I understand the concerns and I will say that I am extremely convinced by the data that we have seen. The flu vaccine has an effectiveness between 40 and 60% and, to obtain emergency authorization, a vaccine needs 50% effectiveness. Moderna and Pfizer photos are 94 to 95% effective. This is almost a miracle. I continually assess the risks and benefits and, although institutions have been untrustworthy in the past, we are in a situation where we cannot say no to the vaccine. The only way for people to be able to see their loved ones again, to travel, to see a newborn cousin is to actually get this vaccine.

My perspective is of someone who was on the front lines here in New York City in March and April, when we were the epicenter of this pandemic. I work in an urgent care clinic and saw people – even young people in their 20s and 30s – who were sick enough that I had to send them to the emergency department. I was incredibly humbled by this virus. I was afraid of what would happen to my patients. I was afraid to go to work, worried about bringing it to my family. So my perspective is that I saw the worst of it, and here we have these vaccines where the data is incredibly convincing. They are not only safe, but also effective. So even if these pharmaceutical companies have a history of being unreliable, weighing the risks and benefits of being vaccinated versus being infected with this virus, it is safer to get the vaccine than to be infected.

And if someone is thinking: it’s my body, and if I decide not to get the vaccine, it’s a choice I’m making to take that risk. Is this just a personal decision?
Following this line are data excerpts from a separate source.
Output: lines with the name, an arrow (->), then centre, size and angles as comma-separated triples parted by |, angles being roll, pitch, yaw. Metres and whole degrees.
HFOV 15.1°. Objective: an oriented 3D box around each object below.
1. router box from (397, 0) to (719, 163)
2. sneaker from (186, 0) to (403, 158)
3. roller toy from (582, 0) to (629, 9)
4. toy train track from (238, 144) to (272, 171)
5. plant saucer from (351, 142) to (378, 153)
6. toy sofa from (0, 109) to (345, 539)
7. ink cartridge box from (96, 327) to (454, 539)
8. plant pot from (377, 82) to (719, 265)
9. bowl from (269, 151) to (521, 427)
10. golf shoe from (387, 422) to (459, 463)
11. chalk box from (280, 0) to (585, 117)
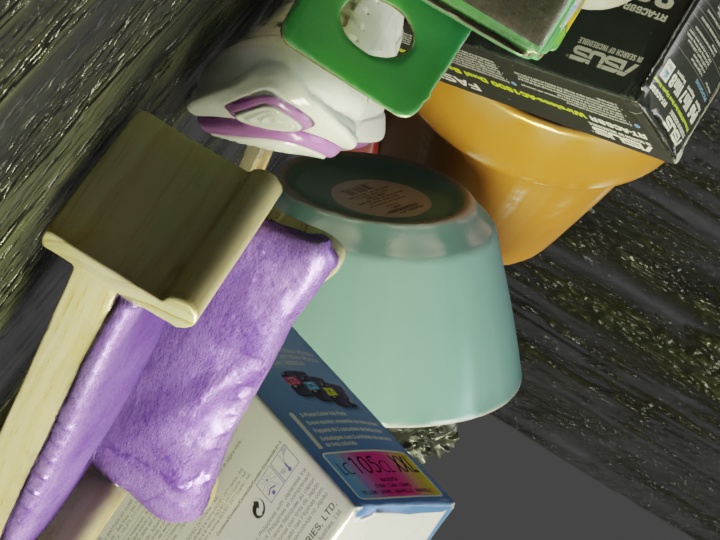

It is almost a privilege to say that you do not need to be vaccinated. This pandemic exposed profound systemic inequalities in our country. Black, Latin and indigenous communities are disproportionately affected by the virus. Blacks are dying at the same rate as a white person 10 years older than them. At the same time, here in NYC, there is also a disparity in terms of who is being vaccinated. In the Black and Latinx neighborhoods, you have people from outside these communities, non-residents, who come to be vaccinated.

Therefore, communities of color are more likely to die from COVID-19 and are also having trouble accessing the vaccine.

Yes, and people are thinking: I don’t need to wear a mask if I don’t want to or Nobody can tell me to get a vaccine instead of thinking about the community. Ultimately, we cannot keep everyone safe unless everyone is vaccinated. Especially with infectious diseases, we need a collective response to mitigate the spread. While individual behavior is important, we need everyone on board to see any positive changes. When you are infected with COVID, you put other people’s lives at risk. That’s how the virus works. We are interconnected. What I do affects other people and I have to worry about what happens to my neighbors because it affects me directly.

How do you talk to patients who may be concerned or who may be skeptical about the vaccine? And how do we talk to friends?

A conversation is not going to change your minds. Often, people just want to share their concerns and I try to answer their questions in an incredibly non-judgmental way. My goal is not necessarily to convince them to get the vaccine, but to make sure they have the information they need to make an informed decision. This is really all we can do.